- _ABOUT THIS EXERCISE_
Please restate word for word the lines from the top of the entries through the line that contains "text For example, whether", and do not include any pictures.
(DATA TO EXAMINE begins)
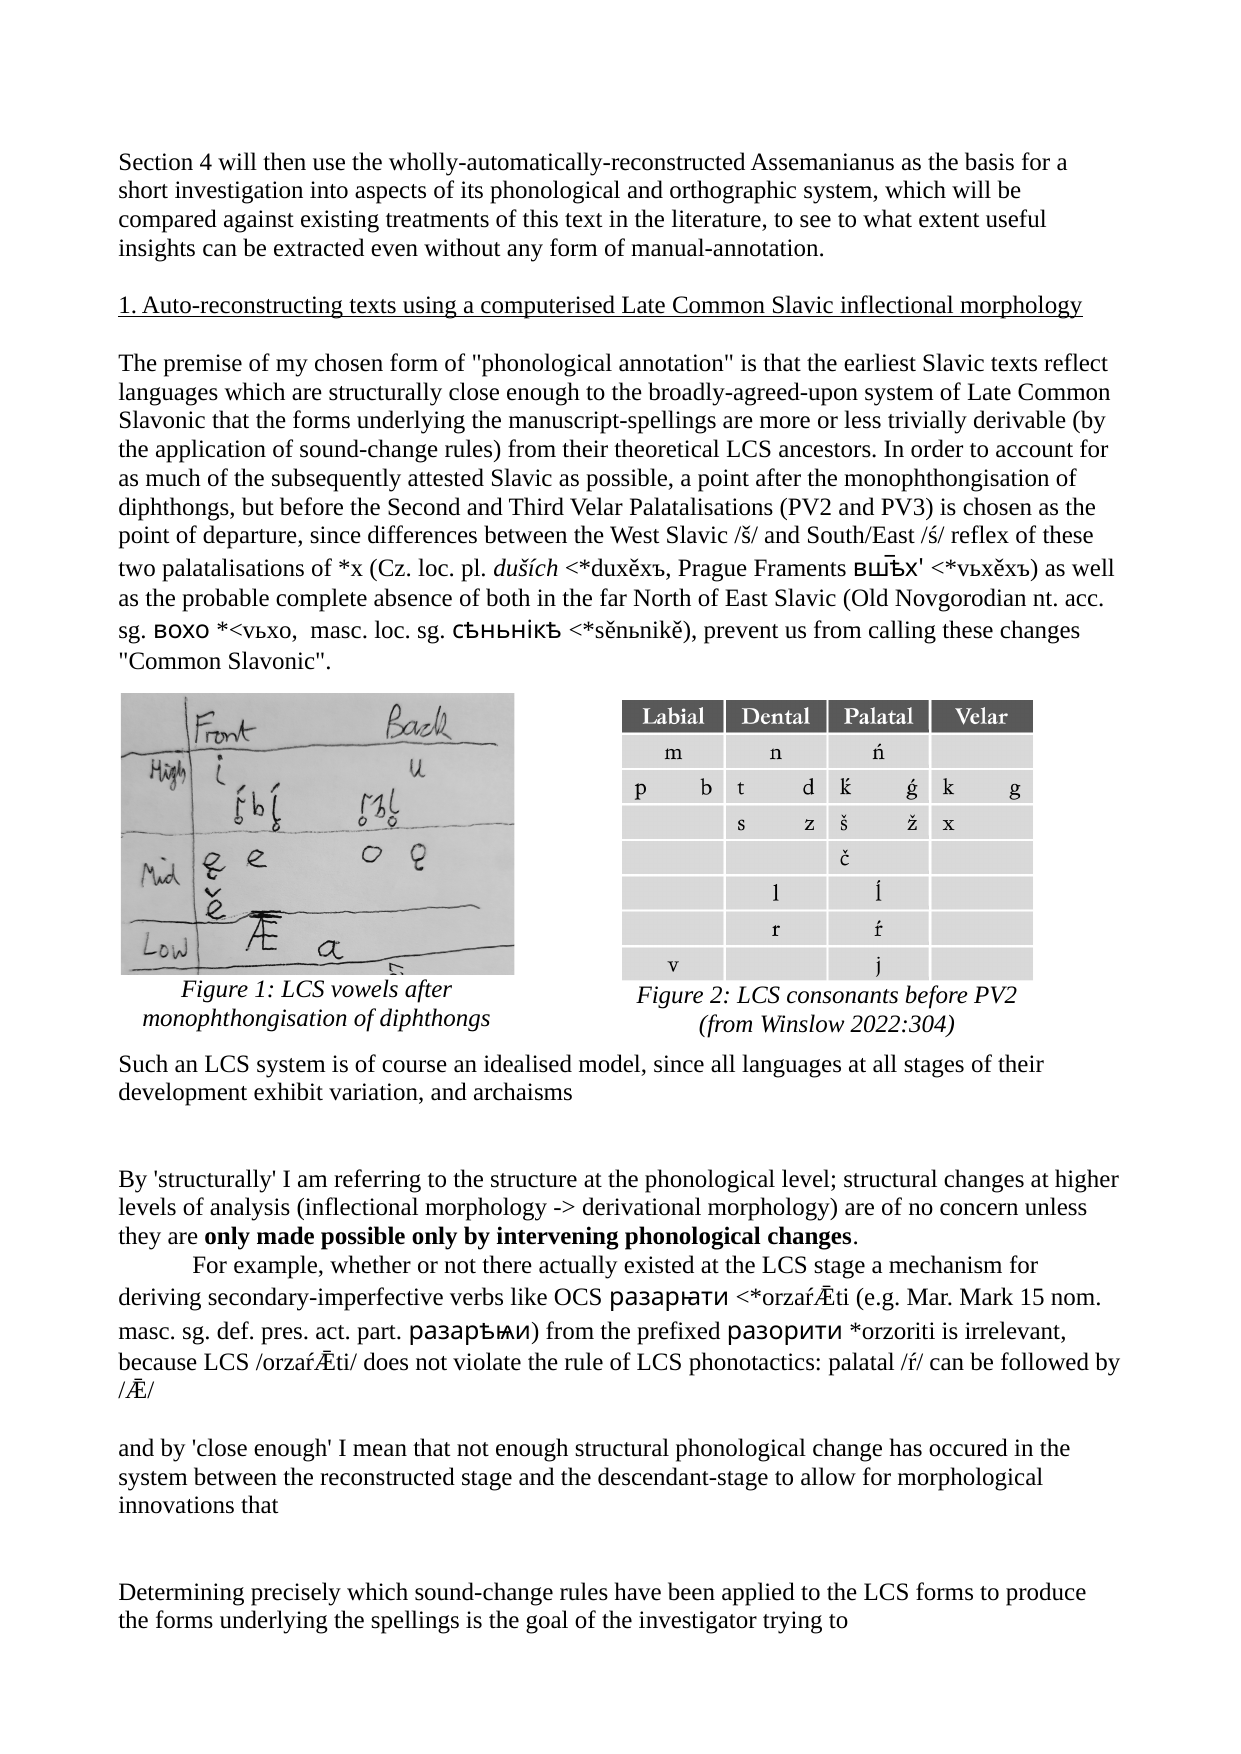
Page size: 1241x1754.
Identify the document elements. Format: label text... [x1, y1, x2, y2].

text Such an LCS system is of course an idealised model, since all languages at all stages of their development exhibit variation, and archaisms [118, 1049, 1122, 1106]
text For example, whether or not there actually existed at the LCS stage a mechanism for deriving secondary-imperfective verbs like OCS разарꙗти <*orzaŕǢti (e.g. Mar. Mark 15 nom. masc. sg. def. pres. act. part. разарѣѩи) from the prefixed разорити *orzoriti is irrelevant, because LCS /orzaŕǢti/ does not violate the rule of LCS phonotactics: palatal /ŕ/ can be followed by /Ǣ/ [118, 1250, 1122, 1404]
text Section 4 will then use the wholly-automatically-reconstructed Assemanianus as the basis for a short investigation into aspects of its phonological and orthographic system, which will be compared against existing treatments of this text in the literature, to see to what extent useful insights can be extracted even without any form of manual-annotation. [118, 147, 1122, 262]
picture [120, 693, 515, 975]
text By 'structurally' I am referring to the structure at the phonological level; structural changes at higher levels of analysis (inflectional morphology -> derivational morphology) are of no concern unless they are only made possible only by intervening phonological changes. [118, 1164, 1122, 1250]
text and by 'close enough' I mean that not enough structural phonological change has occured in the system between the reconstructed stage and the descendant-stage to allow for morphological innovations that [118, 1433, 1122, 1519]
text Determining precisely which sound-change rules have been applied to the LCS forms to produce the forms underlying the spellings is the goal of the investigator trying to [118, 1577, 1122, 1634]
text The premise of my chosen form of "phonological annotation" is that the earliest Slavic texts reflect languages which are structurally close enough to the broadly-agreed-upon system of Late Common Slavonic that the forms underlying the manuscript-spellings are more or less trivially derivable (by the application of sound-change rules) from their theoretical LCS ancestors. In order to account for as much of the subsequently attested Slavic as possible, a point after the monophthongisation of diphthongs, but before the Second and Third Velar Palatalisations (PV2 and PV3) is chosen as the point of departure, since differences between the West Slavic /š/ and South/East /ś/ reflex of these two palatalisations of *x (Cz. loc. pl. duších <*duxěxъ, Prague Framents вш̅ѣх' <*vьxěxъ) as well as the probable complete absence of both in the far North of East Slavic (Old Novgorodian nt. acc. sg. вохо *<vьxo, masc. loc. sg. сѣньнікѣ <*sěnьnikě), prevent us from calling these changes "Common Slavonic". [118, 348, 1122, 675]
text 1. Auto-reconstructing texts using a computerised Late Common Slavic inflectional morphology [118, 291, 1122, 319]
text Figure 2: LCS consonants before PV2 (from Winslow 2022:304) [622, 981, 1034, 1038]
text Figure 1: LCS vowels after monophthongisation of diphthongs [121, 975, 514, 1032]
picture [622, 700, 1034, 981]
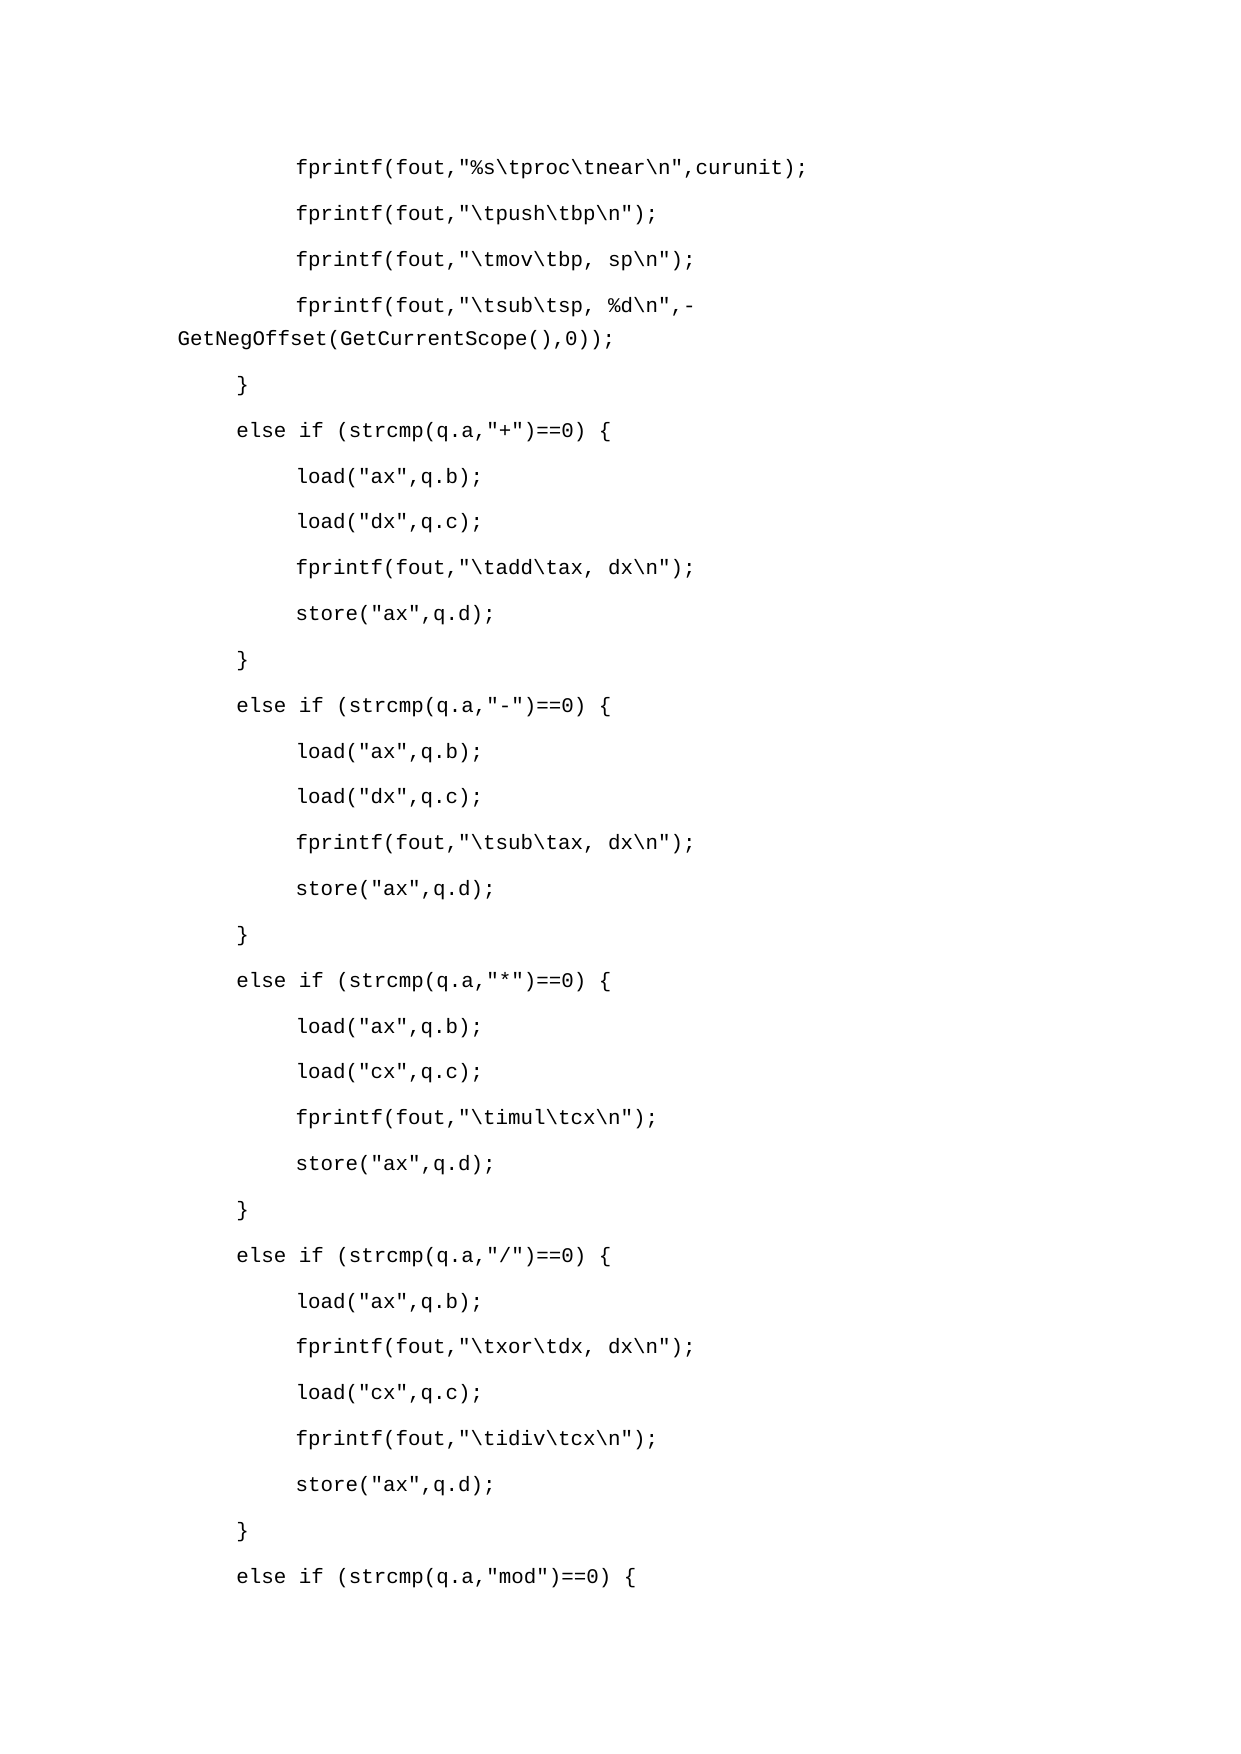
(DATA TO EXAMINE ends)
- _RESULT_
Page size: 1241x1754.
Identify the document elements. Format: label text... [x1, y1, x2, y2].

text Such an LCS system is of course an idealised model, since all languages at all stages of their development exhibit variation, and archaisms [118, 1049, 1122, 1106]
text For example, whether or not there actually existed at the LCS stage a mechanism for deriving secondary-imperfective verbs like OCS разарꙗти <*orzaŕǢti (e.g. Mar. Mark 15 nom. masc. sg. def. pres. act. part. разарѣѩи) from the prefixed разорити *orzoriti is irrelevant, because LCS /orzaŕǢti/ does not violate the rule of LCS phonotactics: palatal /ŕ/ can be followed by /Ǣ/ [118, 1250, 1122, 1404]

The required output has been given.